De acordo com o autor:

...a situação de fronteira (é) um ponto de referência privilegiado para a pesquisa sociológica porque encerra maior riqueza de possibilidades históricas do que outras situações sociais. Em grande parte porque mais do que o confronto entre grupos sociais com interesses conflitivos, agrega a esse conflito também o conflito entre historicidades desencontradas... (p. 182).

Isso faz com que o milenarismo camponês e as concepções messiânicas indígenas, apresentem-se como busca de construção de uma outra alteridade que o olhar de estranhamento do sociólogo busca desvendar, em meio a um tempo que passa a ser o tempo do capital e das `modernas' formas de escravidão.

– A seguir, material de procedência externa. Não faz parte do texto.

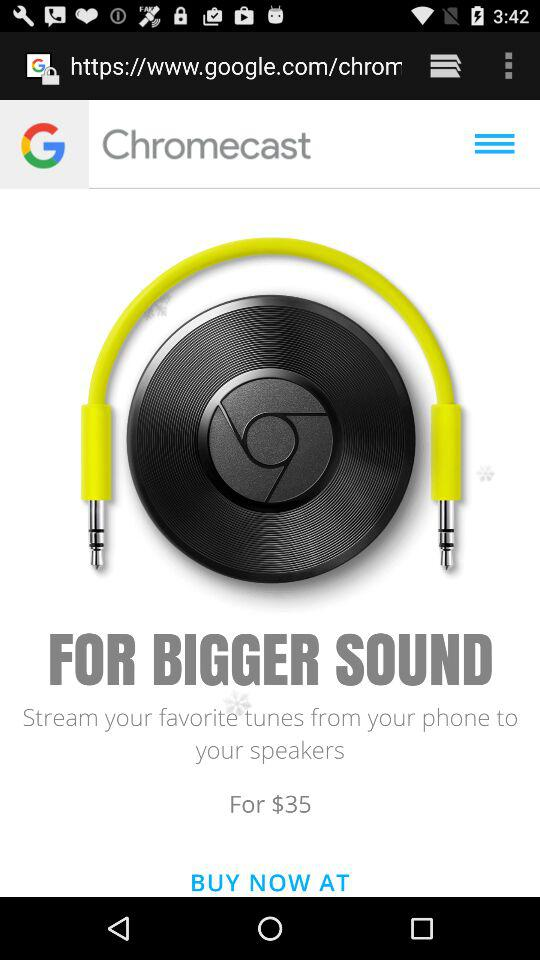What is the price of the speaker? The price of the speaker is $35. 
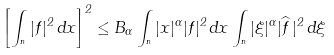<formula> <loc_0><loc_0><loc_500><loc_500>\left [ \int _ { \real ^ { n } } | f | ^ { 2 } \, d x \right ] ^ { 2 } \leq B _ { \alpha } \int _ { \real ^ { n } } | x | ^ { \alpha } | f | ^ { 2 } \, d x \int _ { \real ^ { n } } | \xi | ^ { \alpha } | \widehat { f } \, | ^ { 2 } \, d \xi</formula> 
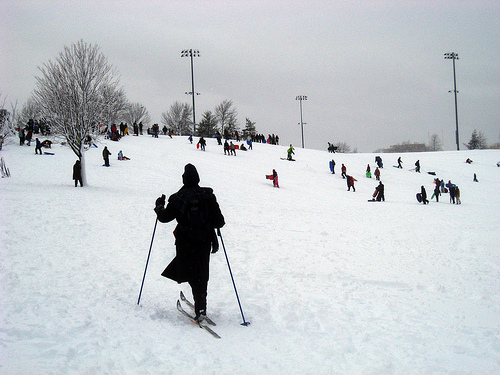Please provide the bounding box coordinate of the region this sentence describes: a black ski pole. [0.26, 0.5, 0.34, 0.74] effectively covers the area where the black ski pole is visible. 
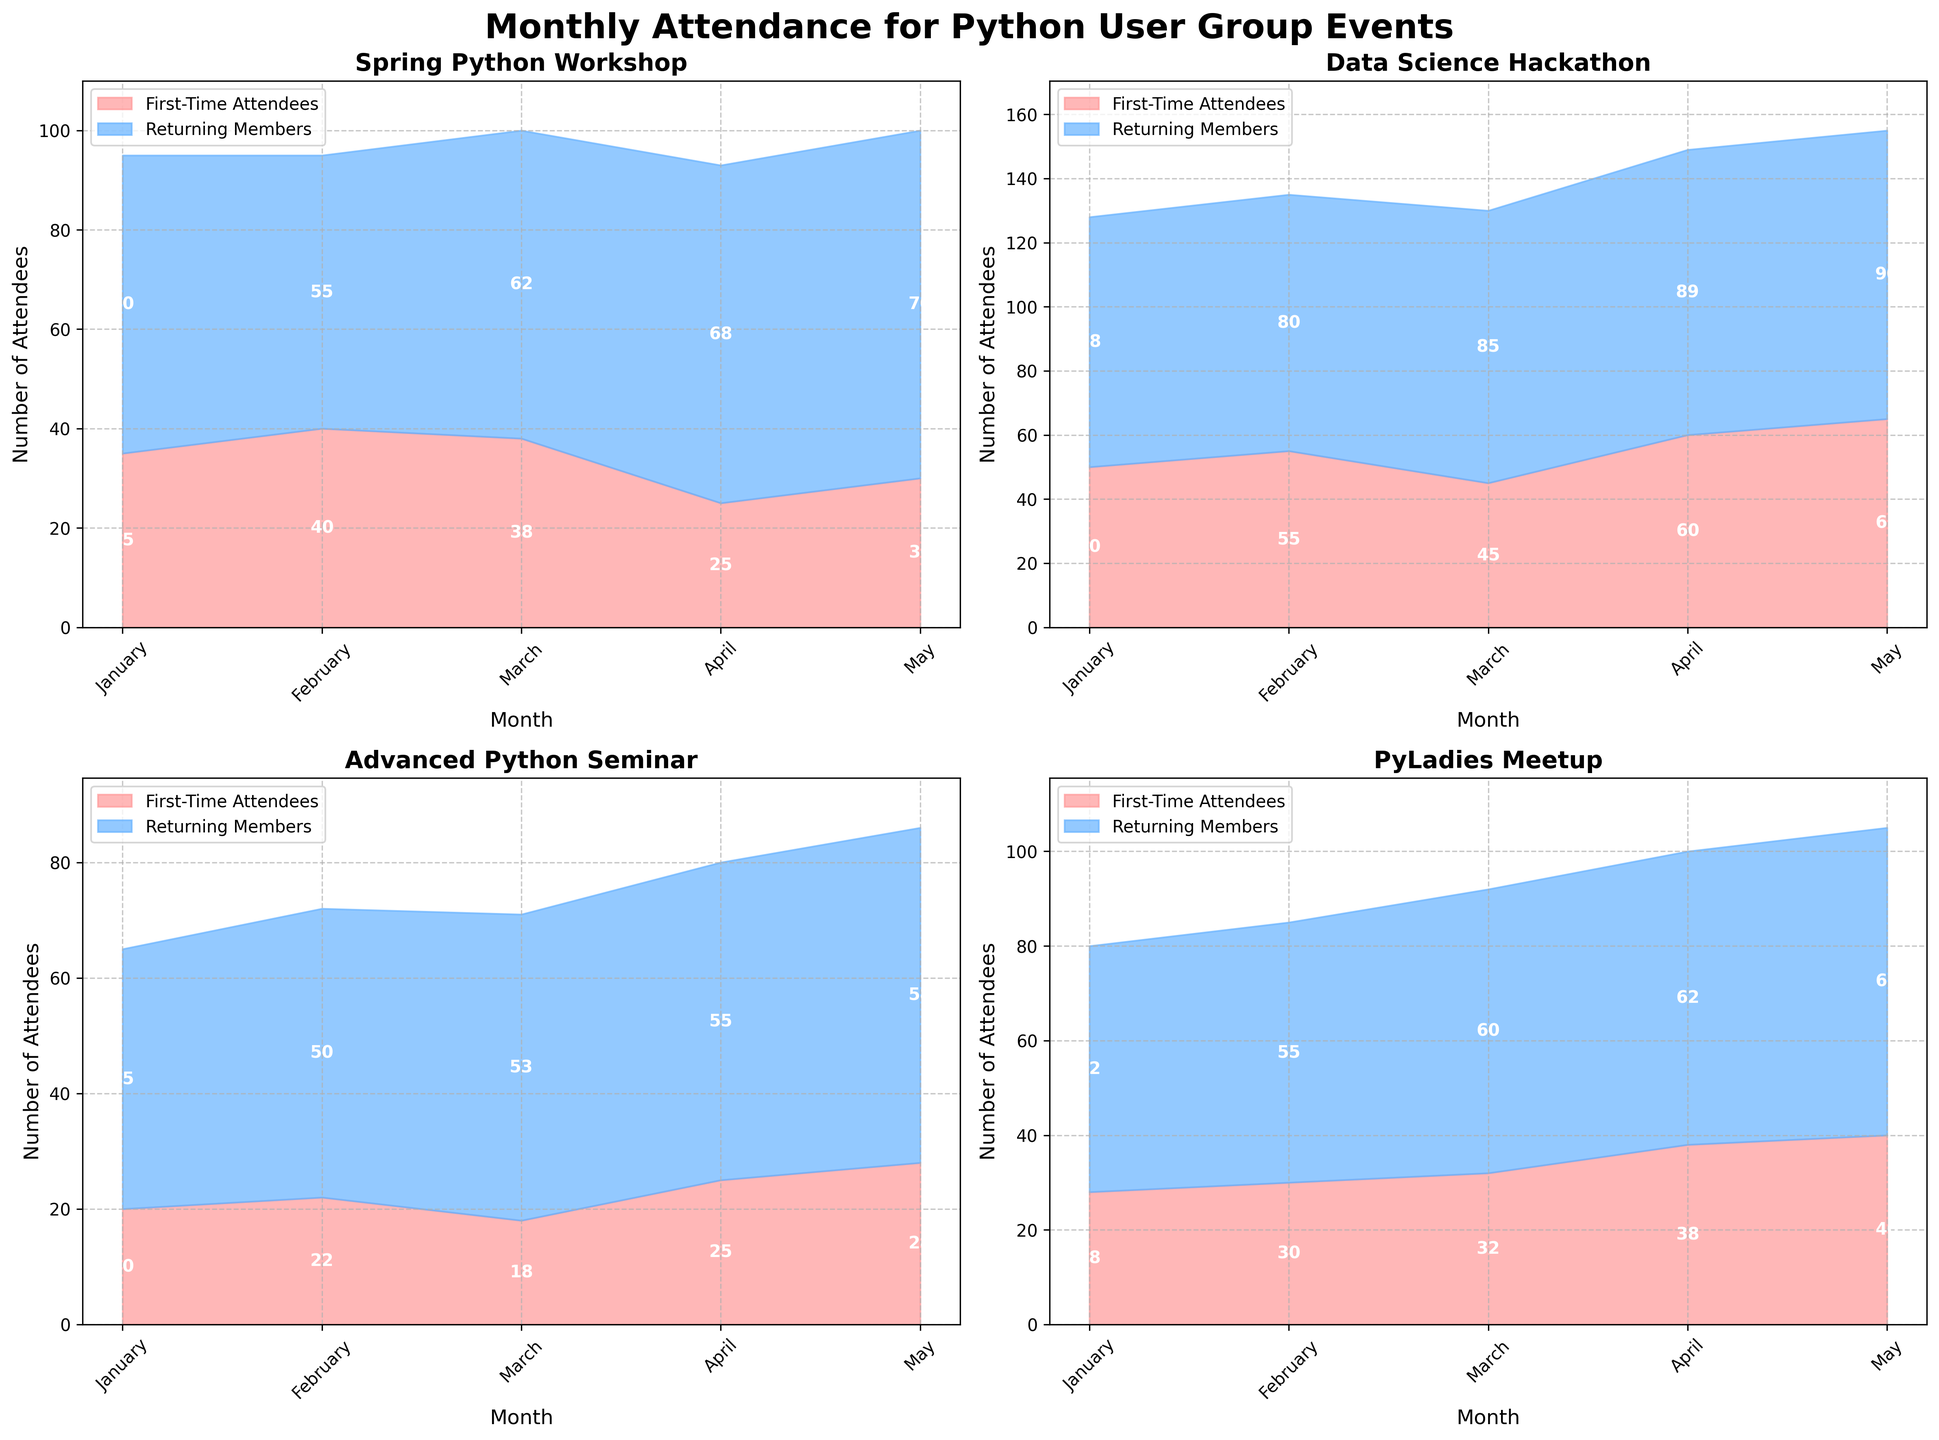What is the title of the figure? The title is usually placed at the top of the figure and provides an overview of what the figure is about. In this case, the title reads "Monthly Attendance for Python User Group Events".
Answer: Monthly Attendance for Python User Group Events Which event had the highest number of first-time attendees in May 2023? Look at the subplots for May 2023 to compare the first-time attendees across all events. The Data Science Hackathon had 65 first-time attendees in May 2023, which is the highest.
Answer: Data Science Hackathon Comparing the PyLadies Meetup and the Advanced Python Seminar, which had more returning members in April 2023? Looking at the subplots for April 2023, identify the number of returning members for both events. PyLadies Meetup had 62 returning members, while Advanced Python Seminar had 55.
Answer: PyLadies Meetup What is the total attendance for the Spring Python Workshop in February 2023? Add the number of first-time attendees and returning members for the Spring Python Workshop in February 2023. It is 40 (first-time) + 55 (returning) = 95.
Answer: 95 Which month had the lowest number of first-time attendees for any event? Look through each month's data for all events to find the month with the smallest value for first-time attendees. The Advanced Python Seminar in March 2023 had the lowest with 18 first-time attendees.
Answer: March 2023 How does the number of returning members in Data Science Hackathon compare from March to April 2023? Compare the number of returning members in the Data Science Hackathon subplot for March (85) and April (89). April has 4 more returning members than March.
Answer: April has 4 more What is the average number of first-time attendees across all events in January 2023? Add up the first-time attendees for all events in January 2023 and divide by the number of events: (35 + 50 + 20 + 28) / 4 = 33.25.
Answer: 33.25 Which event shows the most fluctuation in the number of first-time attendees over the months? Examine the first-time attendees across months for each event. Data Science Hackathon shows the highest range with numbers varying from 45 to 65.
Answer: Data Science Hackathon During which month did Spring Python Workshop have its highest number of returning members? Look at the subplot for Spring Python Workshop and identify the month with the highest value for returning members. May 2023 was the highest with 70 returning members.
Answer: May 2023 In which event and month did the sum of first-time attendees and returning members hit the highest value? Calculate the sum for each event and month. Data Science Hackathon in May 2023 has the highest sum with 65 (first-time) + 90 (returning) = 155.
Answer: Data Science Hackathon in May 2023

Por fim, queremos mencionar que a Introdução do livro e a parte inicial de cada texto apresentam reflexões metodológicas que constituem importantes lições para aqueles que, como nós, ocupam-se do permanente aprendizado de pesquisador: as implicações teóricas, os compromissos, as dificuldades, o perigo das posições ambíguas, o trabalho solitário, as situações de solidariedade ou de violência nas quais o pesquisador é envolvido, enfim, as perguntas que o pesquisador faz (e se faz). Queremos sugerir também que as notas de leitura aqui apresentadas tiveram a finalidade de propor aos sociólogos do amanhã (e de hoje também) um estudo mais demorado desta e de outras obras de José de Souza Martins nas quais estão presentes, de forma relacional, profundo compromisso ético e contundente denúncia daquilo que não pode ser tolerado, seja na esfera da ciência, seja na esfera das relações político-sociais.